- ACTION ITEM -
The full set of entries below must be returned exactly as shown.

§

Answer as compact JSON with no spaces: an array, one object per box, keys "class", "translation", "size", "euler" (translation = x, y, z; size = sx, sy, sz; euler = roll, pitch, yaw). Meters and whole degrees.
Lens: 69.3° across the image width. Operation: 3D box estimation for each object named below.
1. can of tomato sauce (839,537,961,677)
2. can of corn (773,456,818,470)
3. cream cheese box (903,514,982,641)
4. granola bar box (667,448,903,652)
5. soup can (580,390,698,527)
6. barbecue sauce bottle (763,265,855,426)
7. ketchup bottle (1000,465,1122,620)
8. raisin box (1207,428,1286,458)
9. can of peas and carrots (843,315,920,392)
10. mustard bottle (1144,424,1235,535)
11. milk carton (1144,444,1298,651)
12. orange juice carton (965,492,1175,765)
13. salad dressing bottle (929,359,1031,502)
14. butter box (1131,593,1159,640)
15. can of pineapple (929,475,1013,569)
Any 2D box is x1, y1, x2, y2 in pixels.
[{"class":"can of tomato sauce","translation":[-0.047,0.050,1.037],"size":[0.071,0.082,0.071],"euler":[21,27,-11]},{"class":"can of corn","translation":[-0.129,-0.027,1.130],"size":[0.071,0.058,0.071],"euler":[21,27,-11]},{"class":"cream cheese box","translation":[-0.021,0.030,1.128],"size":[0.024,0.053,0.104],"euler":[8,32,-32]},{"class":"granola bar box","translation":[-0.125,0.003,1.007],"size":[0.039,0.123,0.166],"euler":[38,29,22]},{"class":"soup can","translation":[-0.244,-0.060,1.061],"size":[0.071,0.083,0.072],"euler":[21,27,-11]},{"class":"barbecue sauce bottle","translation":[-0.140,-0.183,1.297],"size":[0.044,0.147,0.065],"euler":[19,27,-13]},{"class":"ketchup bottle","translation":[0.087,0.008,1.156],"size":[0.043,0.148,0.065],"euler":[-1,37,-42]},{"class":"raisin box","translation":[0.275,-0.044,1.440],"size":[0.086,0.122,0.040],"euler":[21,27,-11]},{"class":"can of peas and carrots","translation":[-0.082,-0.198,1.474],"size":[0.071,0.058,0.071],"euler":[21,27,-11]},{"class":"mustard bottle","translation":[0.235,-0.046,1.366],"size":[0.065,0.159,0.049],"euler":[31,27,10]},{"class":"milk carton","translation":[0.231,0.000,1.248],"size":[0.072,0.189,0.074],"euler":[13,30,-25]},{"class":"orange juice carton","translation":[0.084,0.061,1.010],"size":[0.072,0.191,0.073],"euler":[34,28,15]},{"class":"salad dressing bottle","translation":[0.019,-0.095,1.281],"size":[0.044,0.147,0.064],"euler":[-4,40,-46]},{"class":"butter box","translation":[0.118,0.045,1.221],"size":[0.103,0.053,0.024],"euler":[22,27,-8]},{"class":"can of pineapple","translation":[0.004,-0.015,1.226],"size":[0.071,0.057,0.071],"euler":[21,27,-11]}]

§

- SOLUTION BELOW -
Answer as compact JSON with no spaces: an array, one object per box, keys "class", "translation", "size", "euler" (translation = x, y, z; size = sx, sy, sz; euler = roll, pitch, yaw). Meters and whole degrees.
Lens: 69.3° across the image width. Operation: 3D box estimation for each object named below.
1. can of tomato sauce (839,537,961,677)
2. can of corn (773,456,818,470)
3. cream cheese box (903,514,982,641)
4. granola bar box (667,448,903,652)
5. soup can (580,390,698,527)
6. barbecue sauce bottle (763,265,855,426)
7. ketchup bottle (1000,465,1122,620)
8. raisin box (1207,428,1286,458)
9. can of peas and carrots (843,315,920,392)
10. mustard bottle (1144,424,1235,535)
11. milk carton (1144,444,1298,651)
12. orange juice carton (965,492,1175,765)
13. salad dressing bottle (929,359,1031,502)
14. butter box (1131,593,1159,640)
15. can of pineapple (929,475,1013,569)
Any 2D box is x1, y1, x2, y2 in pixels.
[{"class":"can of tomato sauce","translation":[-0.047,0.050,1.037],"size":[0.071,0.082,0.071],"euler":[21,27,-11]},{"class":"can of corn","translation":[-0.129,-0.027,1.130],"size":[0.071,0.058,0.071],"euler":[21,27,-11]},{"class":"cream cheese box","translation":[-0.021,0.030,1.128],"size":[0.024,0.053,0.104],"euler":[8,32,-32]},{"class":"granola bar box","translation":[-0.125,0.003,1.007],"size":[0.039,0.123,0.166],"euler":[38,29,22]},{"class":"soup can","translation":[-0.244,-0.060,1.061],"size":[0.071,0.083,0.072],"euler":[21,27,-11]},{"class":"barbecue sauce bottle","translation":[-0.140,-0.183,1.297],"size":[0.044,0.147,0.065],"euler":[19,27,-13]},{"class":"ketchup bottle","translation":[0.087,0.008,1.156],"size":[0.043,0.148,0.065],"euler":[-1,37,-42]},{"class":"raisin box","translation":[0.275,-0.044,1.440],"size":[0.086,0.122,0.040],"euler":[21,27,-11]},{"class":"can of peas and carrots","translation":[-0.082,-0.198,1.474],"size":[0.071,0.058,0.071],"euler":[21,27,-11]},{"class":"mustard bottle","translation":[0.235,-0.046,1.366],"size":[0.065,0.159,0.049],"euler":[31,27,10]},{"class":"milk carton","translation":[0.231,0.000,1.248],"size":[0.072,0.189,0.074],"euler":[13,30,-25]},{"class":"orange juice carton","translation":[0.084,0.061,1.010],"size":[0.072,0.191,0.073],"euler":[34,28,15]},{"class":"salad dressing bottle","translation":[0.019,-0.095,1.281],"size":[0.044,0.147,0.064],"euler":[-4,40,-46]},{"class":"butter box","translation":[0.118,0.045,1.221],"size":[0.103,0.053,0.024],"euler":[22,27,-8]},{"class":"can of pineapple","translation":[0.004,-0.015,1.226],"size":[0.071,0.057,0.071],"euler":[21,27,-11]}]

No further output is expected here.